(Saint-Jérôme) Même si Normand Dubé présente un risque «élevé» pour la société, le juge Gilles Garneau hésite toujours à le faire évaluer dans un institut psychiatrique. Le pilote connu pour son attaque spectaculaire sur des lignes à haute tension d’Hydro-Québec sera d’abord évalué par un criminologue pour mieux cerner sa personnalité et son risque de récidive.

Déjà condamné à sept ans de pénitencier dans l’affaire d’Hydro-Québec, Normand Dubé a été reconnu coupable le mois dernier de harcèlement criminel et d’incendies criminels pour avoir intimidé trois fonctionnaires et fait incendier leur résidence personnelle. L’homme de 57 ans s’était vengé pour de banals litiges administratifs, comme la contestation de son impôt foncier.

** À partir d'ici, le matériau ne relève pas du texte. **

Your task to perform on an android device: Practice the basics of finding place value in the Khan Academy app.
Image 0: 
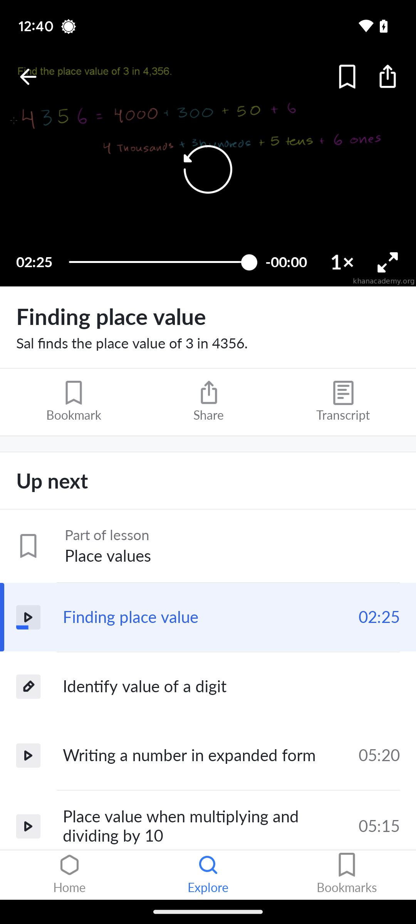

C’est dans le cadre de ce procès que le procureur de la Couronne Me Steve Baribeau a présenté mardi sa demande de renvoi pour évaluation de Normand Dubé à titre de délinquant à contrôler, une désignation réservée aux criminels violents susceptibles de récidive. Les criminels portant cette étiquette peuvent faire l’objet d’une surveillance étroite pendant 10 ans après leur sortie de prison.

Selon le ministère public, Normand Dubé doit être évalué pour 60 jours à l’Institut Philippe-Pinel, puisqu’il a commis des sévices graves à des citoyens, qu’il y a des motifs raisonnables de croire qu’il pourrait être déclaré délinquant à contrôler et qu’il est à risque de récidiver.

«Écoutez, il a commandé des incendies criminels, parce qu’il n’acceptait pas des décisions. C’est quelqu’un qui se dit victime du système. Ça, c’est hautement préoccupant. On est rendu à utiliser la violence pour faire entendre son point de vue. Et je ne sais pas comment ce type de comportement peut se traiter», a plaidé Me Baribeau.

Le juge Garneau semblait d’abord prêt à autoriser la demande d’évaluation de la Couronne avant de se rallier à une suggestion de dernière minute de l’avocat de la défense Me Maxime Chevalier pour confectionner un rapport présentenciel. Ce type de rapport est souvent produit à l’étape des observations sur la peine, lorsqu’un accusé n’a pas d’antécédent criminel.

Une suggestion à laquelle s’est vivement opposé le procureur de la Couronne, avant de se résoudre à l’accepter. «Ce ne sont pas les mêmes concepts! C’est complètement différent!», a plaidé Me Baribeau. «Je veux avoir un éclairage encore plus approfondi avec le rapport présentenciel. En quoi ça va retarder les choses?», a rétorqué le juge. La cause sera entendue le 12 août.

L’avocat de Normand Dubé a rassuré le juge que son client, détenu depuis trois semaines, allait collaborer à la confection du rapport présentenciel, même s’il fait appel du jugement. Me Chevalier s’oppose au renvoi pour évaluation à titre de délinquant à contrôler notamment en raison de l’intrusion «élevée» dans sa vie privée. De plus, il n’y a pas de risque de récidive chez son client, ajoute-t-il.

«La vengeance est un plat qui se mange froid»

Dans sa vendetta, Normand Dubé s’en est pris à une surintendante de l’Agence des services frontaliers du Canada, au directeur du service d’urbanisme de Sainte-Anne-des-Plaines et à une employée de cette municipalité. Il a commandé à des hommes de main en 2013 et 2014 d’incendier les résidences de ces fonctionnaires après les avoir intimidés. Personne n’a heureusement été blessé.

La Couronne entend réclamer une peine de dix ans de pénitencier contre Normand Dubé, a déjà fait savoir Me Steve Baribeau. Cette peine pourrait s’ajouter à celle déjà imposée pour son attaque des lignes à haute tension d’Hydro-Québec en avion en 2014. Son sabotage a causé près de 30 millions de dollars de dommages à la société d’État et a failli provoquer une «panne totale» d’électricité au Québec.

La technique qu’il a utilisée pour attaquer les lignes électriques fait l’objet d’une ordonnance de non-publication pour des motifs de sécurité nationale, une mesure exceptionnelle.

Notons qu’il a également interjeté appel dans cette affaire.